The face of the drill pipe 24 surrounding the side port 46 is provided with a radially inwardly extending step or shoulder 48 which provides a seating face for the valve assembly 10 which, in this example, extends generally perpendicular to the longitudinal axis B of the side port 46. The shoulder 48 extends between an external portion 46a of the side port 46 which has a diameter greater than the outer diameter of the valve body 12 and valve seat 14, and an internal portion 46b of the side port 46 which has a diameter less than the outer diameter of the valve body 12 and valve seat 14 but greater than the diameter of the disc 20b of the valve member 20. The valve assembly 10 is therefore inserted into the side port 46 from the exterior of the drill pipe 42 until the valve seat 14 comes to rest on the shoulder 48.
The second portion 14b of the valve seat 14 is thus captured between the valve body 12 and the shoulder 48, and so the positioning of the valve seat 14 between the valve body and shoulder 48 serves as the mechanism for securely retaining the valve seat 14 in the valve assembly 10. Moreover, by tightening the screw thread between the valve body 12 and the drill pipe 42, a sufficient compressive force may be applied to the valve seat 14 to produce a substantially fluid tight seal between the valve assembly 10 and the drill pipe 42. In this example, this substantially fluid tight seal is provided by the engagement of the sealing element, O-ring 18, provided on the valve seat 14, with the shoulder 48. Thus, flow of fluid between the exterior of the valve assembly 10 and the face of the drill pipe 42 surrounding the side port 46 is substantially prevented.
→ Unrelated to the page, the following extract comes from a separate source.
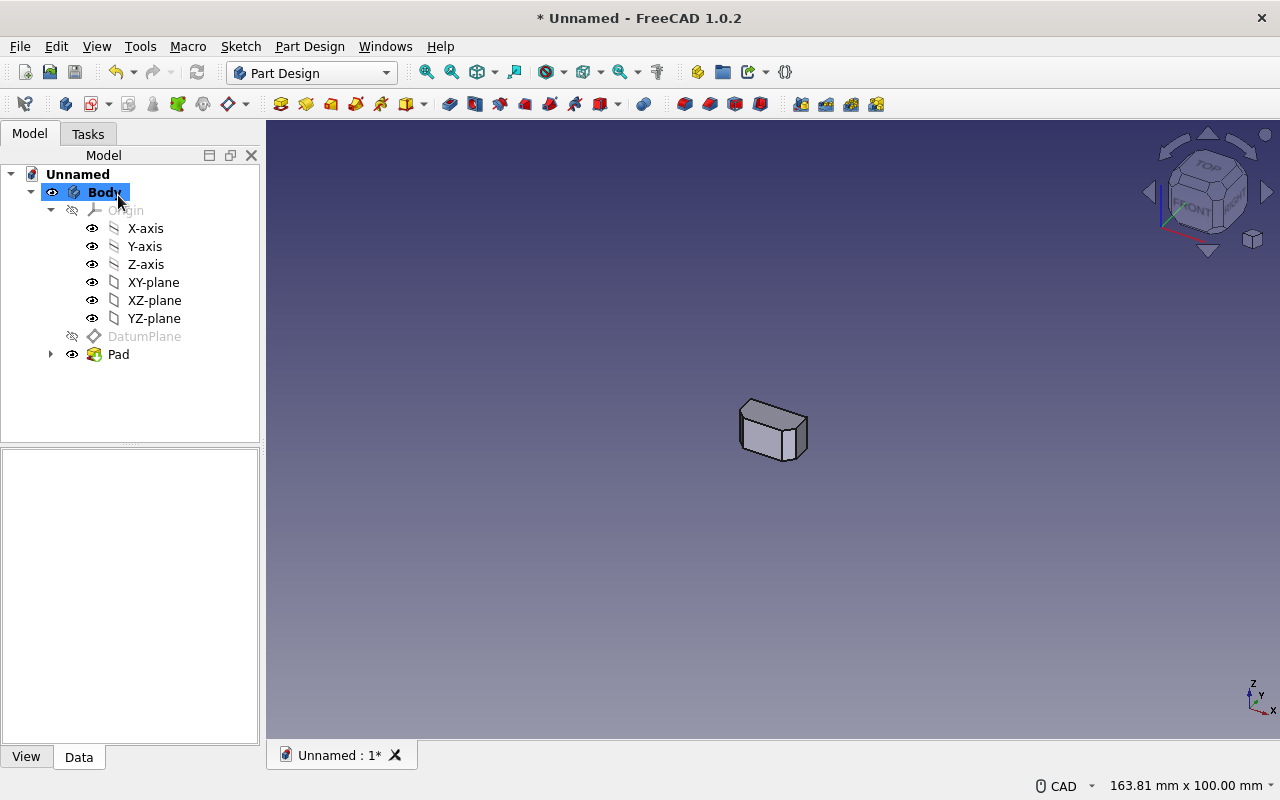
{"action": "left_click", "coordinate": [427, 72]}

In an alternative embodiment of the invention, the valve body 12 may be provided with a plurality (for example four) locking studs which each pass through a threaded aperture extending radially outwardly through the valve body 12 from the main passage to the exterior of the valve body 12. In this case, each locking stud is threaded and the interior end is provided with a head having a hexagonal recess which may be engaged with an Allen key. To secure the valve assembly 10 to a drill pipe 42, the valve body 12 is inserted into the side port 46 with the locking studs retracted so that they do not extend beyond the exterior surface of the valve body 12. The valve body 12 is then rotated in the side port 42 to ensure that the locking studs are aligned with corresponding apertures provided in the wall of the side port, and an Allen key engaged with the head of each stud in turn and used to screw the stud into the apertures in the drill pipe 42. Removal of the valve assembly 10 from the side port is therefore prevented. It will be appreciated, however, that such locking studs may be provided in addition to a screw thread connection. It will be appreciated, appreciated that bolts, or any other appropriate fastening means could be used.
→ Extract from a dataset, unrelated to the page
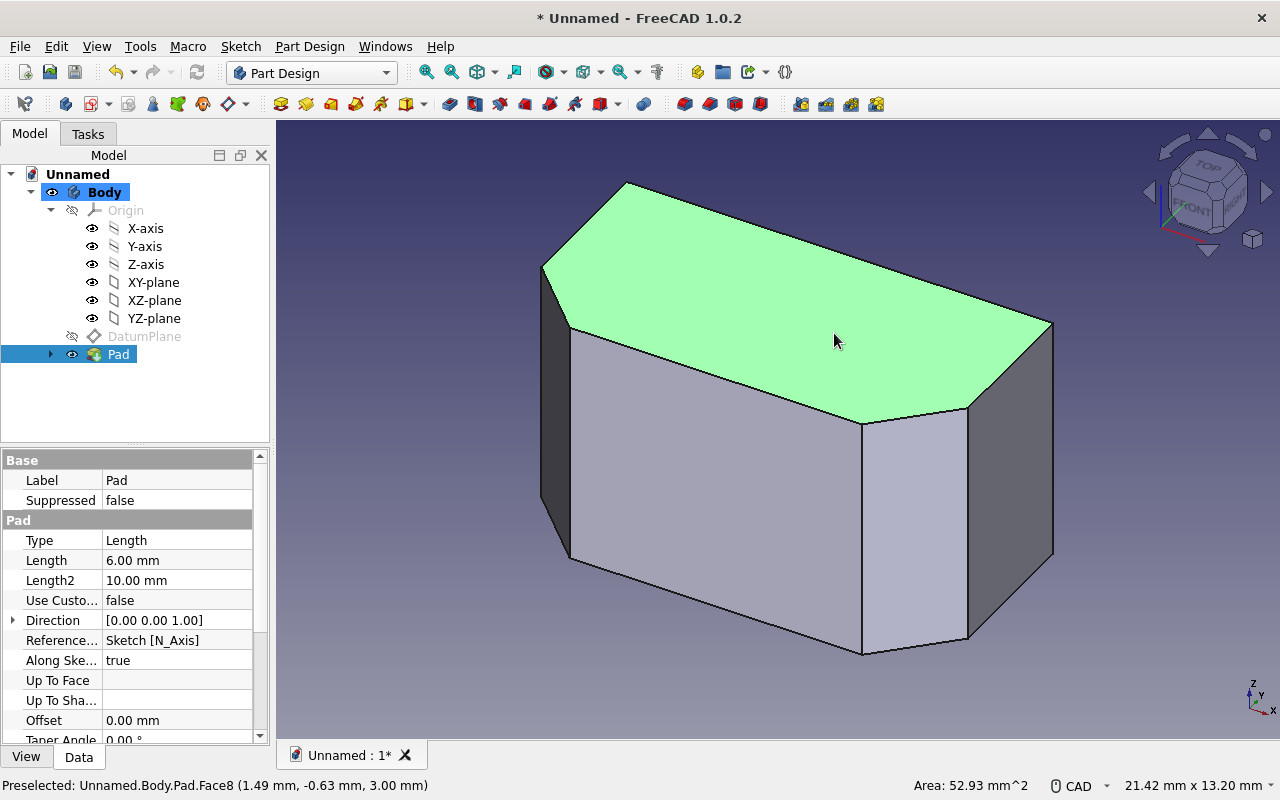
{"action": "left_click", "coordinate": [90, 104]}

During the usual operational mode of the drill pipe there exists a pressure inside the main passage 44 of the drill pipe 42 that forces the valve member 20 against the seat face 16. To use the side port 42, the cap 30 is removed, Once the cap 30 is removed an adapter (not shown) provided with corresponding bayonet connector formations can be engaged with the lip formations 34 of the valve body 32. The adapter is provided with appropriate seals so that there will be a substantially fluid tight seal between the valve assembly 10 and the adapter. The seal could be a similar O-ring to the O-ring 40 on the cap 30 or a piston type seal which seal on the parallel cylindrical face of the first portion 14a of the valve seat 14 adjacent to the second seat face. Fluid pressure can then be supplied through this adapter into the main passage of the valve assembly, and this will start lifting the disc 20b from the seat face 16 once the applied pressure exceeds the internal pressure in the main passage 44 of the drill pipe 42 by an amount which is sufficient to overcome the biasing force of the spring 26 and. At this point the valve assembly is in the open position, and fluid will pass through the side port 42 into the main passage 44 of the drill pipe 42.
Once the flow is stopped, and the pressure in the adapter is reduced below the pressure in the drill pipe 42 the valve 20 will close. The spring 26 will always ensure that the valve is held in a closed position at all times when there is no pressure applied from the central of the drill pipe 42 and there is no pressure applied externally.
If the fluid pressure in the adapter is balanced relative to the fluid pressure in the drill pipe 42, it will be appreciated that the fluid pressure in the adapter may not be sufficient to move the valve member 20 to the open position, in which case, the adapter may be provided with a mechanical actuator to push the valve member 20 off the seat face 16 to the open position. The mechanical actuator may automatically do this, when the adapter is secured to the drill pipe, or manual operation of the actuator may be required.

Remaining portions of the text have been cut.